The results show that alcohol can affect the intracellular antioxidant system, resulting in a significant increase in MDA levels and a significant decrease in SOD and CAT activity and GSH levels. After pretreatment with 3,5-O-dicaffeoylquinic acid at different concentrations, the MDA content in cells significantly reduces, with the most significant effect at a concentration of 200 μg/mL. Furthermore, concentrations of 100-600 μg/mL can significantly restore the activity of SOD and CAT in cells, which mitigates the oxidative damage to cells. In addition, after pretreatment with 3,5-O-dicaffeoylquinic acid (400 μg/mL), the GSH content increases from 53.39±2.16 mg/g protein to 82.14±1.67 mg/g protein.

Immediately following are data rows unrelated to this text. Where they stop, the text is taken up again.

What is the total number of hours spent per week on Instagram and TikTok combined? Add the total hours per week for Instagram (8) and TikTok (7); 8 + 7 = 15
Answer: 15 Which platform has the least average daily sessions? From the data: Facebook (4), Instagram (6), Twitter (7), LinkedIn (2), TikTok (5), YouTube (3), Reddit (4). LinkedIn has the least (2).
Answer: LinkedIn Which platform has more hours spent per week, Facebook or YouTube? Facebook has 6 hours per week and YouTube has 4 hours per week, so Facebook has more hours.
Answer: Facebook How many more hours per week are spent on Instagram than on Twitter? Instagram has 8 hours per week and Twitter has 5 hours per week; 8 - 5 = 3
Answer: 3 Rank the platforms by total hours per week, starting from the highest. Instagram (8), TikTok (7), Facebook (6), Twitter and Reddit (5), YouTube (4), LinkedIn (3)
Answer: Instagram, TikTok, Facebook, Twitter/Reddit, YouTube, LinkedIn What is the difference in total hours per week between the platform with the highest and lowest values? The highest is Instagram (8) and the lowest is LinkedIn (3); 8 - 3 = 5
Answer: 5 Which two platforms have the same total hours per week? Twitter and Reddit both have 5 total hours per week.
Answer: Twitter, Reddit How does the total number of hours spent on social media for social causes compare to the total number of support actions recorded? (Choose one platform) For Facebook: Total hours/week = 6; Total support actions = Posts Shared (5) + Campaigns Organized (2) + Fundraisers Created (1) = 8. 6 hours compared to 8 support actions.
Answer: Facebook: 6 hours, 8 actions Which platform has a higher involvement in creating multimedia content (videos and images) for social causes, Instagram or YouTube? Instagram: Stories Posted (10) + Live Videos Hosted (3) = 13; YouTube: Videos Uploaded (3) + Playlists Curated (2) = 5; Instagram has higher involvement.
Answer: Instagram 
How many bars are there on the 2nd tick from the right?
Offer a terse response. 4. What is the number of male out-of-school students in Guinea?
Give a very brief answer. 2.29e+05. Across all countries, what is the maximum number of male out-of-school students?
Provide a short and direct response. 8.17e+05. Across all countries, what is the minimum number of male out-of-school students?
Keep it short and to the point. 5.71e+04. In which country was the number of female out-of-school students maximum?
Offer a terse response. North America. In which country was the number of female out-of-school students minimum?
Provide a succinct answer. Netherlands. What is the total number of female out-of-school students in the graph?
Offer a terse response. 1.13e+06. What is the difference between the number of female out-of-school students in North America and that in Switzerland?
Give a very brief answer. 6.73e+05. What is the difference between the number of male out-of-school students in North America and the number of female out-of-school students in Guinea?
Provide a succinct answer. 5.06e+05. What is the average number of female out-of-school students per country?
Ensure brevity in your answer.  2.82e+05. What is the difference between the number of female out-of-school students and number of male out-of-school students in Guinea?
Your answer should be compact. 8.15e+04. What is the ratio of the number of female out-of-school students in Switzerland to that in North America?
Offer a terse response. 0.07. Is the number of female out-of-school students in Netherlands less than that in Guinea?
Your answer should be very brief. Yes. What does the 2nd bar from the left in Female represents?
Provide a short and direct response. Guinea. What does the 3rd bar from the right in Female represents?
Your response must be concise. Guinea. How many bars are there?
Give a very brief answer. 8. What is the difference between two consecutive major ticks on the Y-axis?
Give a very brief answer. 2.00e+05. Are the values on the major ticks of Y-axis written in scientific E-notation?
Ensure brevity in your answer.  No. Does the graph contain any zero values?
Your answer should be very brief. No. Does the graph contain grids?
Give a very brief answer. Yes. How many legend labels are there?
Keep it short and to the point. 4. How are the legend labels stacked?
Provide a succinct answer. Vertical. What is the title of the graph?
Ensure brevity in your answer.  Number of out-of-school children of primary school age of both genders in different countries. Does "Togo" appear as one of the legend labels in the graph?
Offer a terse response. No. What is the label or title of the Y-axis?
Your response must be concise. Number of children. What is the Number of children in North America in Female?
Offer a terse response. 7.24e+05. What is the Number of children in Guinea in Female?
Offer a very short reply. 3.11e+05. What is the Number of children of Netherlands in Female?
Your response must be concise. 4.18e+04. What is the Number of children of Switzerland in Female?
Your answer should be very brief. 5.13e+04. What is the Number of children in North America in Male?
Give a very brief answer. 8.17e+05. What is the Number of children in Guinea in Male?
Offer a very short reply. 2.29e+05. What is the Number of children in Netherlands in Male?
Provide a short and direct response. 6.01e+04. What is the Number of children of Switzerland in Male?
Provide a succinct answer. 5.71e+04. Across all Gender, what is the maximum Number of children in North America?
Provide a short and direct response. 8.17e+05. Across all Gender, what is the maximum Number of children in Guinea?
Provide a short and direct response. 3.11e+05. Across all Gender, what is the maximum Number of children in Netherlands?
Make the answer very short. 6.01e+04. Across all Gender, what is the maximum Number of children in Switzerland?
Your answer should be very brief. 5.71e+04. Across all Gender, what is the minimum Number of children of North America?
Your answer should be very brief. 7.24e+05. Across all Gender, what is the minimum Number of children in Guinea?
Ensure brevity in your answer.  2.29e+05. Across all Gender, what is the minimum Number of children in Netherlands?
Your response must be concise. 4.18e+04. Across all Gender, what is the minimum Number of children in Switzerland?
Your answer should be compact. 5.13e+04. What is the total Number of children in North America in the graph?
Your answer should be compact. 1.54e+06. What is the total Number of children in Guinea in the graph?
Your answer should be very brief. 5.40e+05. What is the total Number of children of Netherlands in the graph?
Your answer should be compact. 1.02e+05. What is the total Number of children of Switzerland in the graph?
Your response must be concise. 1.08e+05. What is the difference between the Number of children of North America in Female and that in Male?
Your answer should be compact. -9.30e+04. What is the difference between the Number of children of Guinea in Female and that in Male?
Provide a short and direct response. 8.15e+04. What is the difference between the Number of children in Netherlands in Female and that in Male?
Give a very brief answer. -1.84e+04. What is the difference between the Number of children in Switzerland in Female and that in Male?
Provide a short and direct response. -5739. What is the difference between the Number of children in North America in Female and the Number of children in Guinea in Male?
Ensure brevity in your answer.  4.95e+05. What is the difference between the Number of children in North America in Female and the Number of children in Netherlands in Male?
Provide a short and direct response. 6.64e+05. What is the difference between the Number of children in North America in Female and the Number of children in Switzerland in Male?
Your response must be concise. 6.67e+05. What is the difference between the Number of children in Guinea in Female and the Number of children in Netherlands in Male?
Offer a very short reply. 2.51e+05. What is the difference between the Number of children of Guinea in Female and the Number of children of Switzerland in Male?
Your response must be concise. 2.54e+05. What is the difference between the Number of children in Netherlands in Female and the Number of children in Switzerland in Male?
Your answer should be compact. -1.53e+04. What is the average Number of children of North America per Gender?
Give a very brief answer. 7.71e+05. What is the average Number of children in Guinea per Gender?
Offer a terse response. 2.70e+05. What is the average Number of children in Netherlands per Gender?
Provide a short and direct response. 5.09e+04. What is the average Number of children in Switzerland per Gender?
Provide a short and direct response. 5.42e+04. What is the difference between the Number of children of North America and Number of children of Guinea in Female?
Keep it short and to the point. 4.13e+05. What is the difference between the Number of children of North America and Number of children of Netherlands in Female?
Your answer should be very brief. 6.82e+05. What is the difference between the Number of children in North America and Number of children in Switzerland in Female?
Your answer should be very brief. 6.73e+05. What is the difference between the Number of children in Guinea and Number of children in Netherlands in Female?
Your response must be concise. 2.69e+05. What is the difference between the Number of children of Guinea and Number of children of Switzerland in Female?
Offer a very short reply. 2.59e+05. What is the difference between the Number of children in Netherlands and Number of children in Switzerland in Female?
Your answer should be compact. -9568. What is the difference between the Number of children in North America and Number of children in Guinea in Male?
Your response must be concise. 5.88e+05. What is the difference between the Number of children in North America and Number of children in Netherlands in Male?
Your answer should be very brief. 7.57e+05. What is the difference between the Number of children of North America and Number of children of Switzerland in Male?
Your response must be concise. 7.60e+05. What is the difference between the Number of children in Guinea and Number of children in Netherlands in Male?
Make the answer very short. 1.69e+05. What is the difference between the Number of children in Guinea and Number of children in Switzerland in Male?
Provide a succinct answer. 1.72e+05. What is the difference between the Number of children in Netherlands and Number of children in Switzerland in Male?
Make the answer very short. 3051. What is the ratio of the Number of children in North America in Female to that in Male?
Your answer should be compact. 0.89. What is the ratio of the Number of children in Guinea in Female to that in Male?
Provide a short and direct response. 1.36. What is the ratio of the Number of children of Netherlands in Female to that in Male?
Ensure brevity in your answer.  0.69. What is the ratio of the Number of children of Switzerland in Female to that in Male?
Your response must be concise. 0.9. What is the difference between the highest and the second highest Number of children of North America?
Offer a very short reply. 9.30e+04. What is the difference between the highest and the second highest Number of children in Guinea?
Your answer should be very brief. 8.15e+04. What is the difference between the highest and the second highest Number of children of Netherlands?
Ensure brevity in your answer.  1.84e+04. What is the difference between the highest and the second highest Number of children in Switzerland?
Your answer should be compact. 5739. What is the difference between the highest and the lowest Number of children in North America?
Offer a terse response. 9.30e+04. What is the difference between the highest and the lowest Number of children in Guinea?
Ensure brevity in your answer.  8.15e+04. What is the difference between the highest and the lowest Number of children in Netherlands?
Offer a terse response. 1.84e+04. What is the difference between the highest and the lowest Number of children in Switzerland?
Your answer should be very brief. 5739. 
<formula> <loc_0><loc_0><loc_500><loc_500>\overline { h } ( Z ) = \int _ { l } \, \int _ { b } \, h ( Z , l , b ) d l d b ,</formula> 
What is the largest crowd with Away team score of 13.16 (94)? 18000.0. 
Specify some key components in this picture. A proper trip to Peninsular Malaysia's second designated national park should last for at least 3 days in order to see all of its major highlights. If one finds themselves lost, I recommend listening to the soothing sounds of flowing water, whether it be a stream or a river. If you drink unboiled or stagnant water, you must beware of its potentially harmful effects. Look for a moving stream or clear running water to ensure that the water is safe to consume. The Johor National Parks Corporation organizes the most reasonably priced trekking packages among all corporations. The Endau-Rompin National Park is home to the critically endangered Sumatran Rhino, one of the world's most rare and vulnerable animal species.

The results show that pretreatment with 3,5-O-dicaffeoylquinic acid at a concentration of 400 μg/mL significantly reduces the fluorescence intensity of apoptosis compared with the alcohol-treated group. The fluorescence intensity increases with the increase of apoptosis. The fluorescence intensity of the alcohol-treated model group is significantly higher than that of the control group, while the fluorescence intensity of apoptosis after 3,5-O-dicaffeoylquinic acid pretreatment is weaker than that of the model group. Apoptosis results show that in the control group, the cell survival rate is as high as 91.94%; after alcoholic damage, the cell survival rate decreases significantly, and the ratio of apoptosis to necrosis increases significantly. After pretreatment with drug of different concentrations, the cell survival rate gradually increases with the increase in drug concentration, indicating that the drug can improve the alcoholic damage to cells.

The above is only intended to explain some embodiments of the present disclosure, and it is not intended to limit the present disclosure in any way. Therefore, any modifications or changes related to the present disclosure made in the same inventive spirit should still be included in the scope of the present disclosure.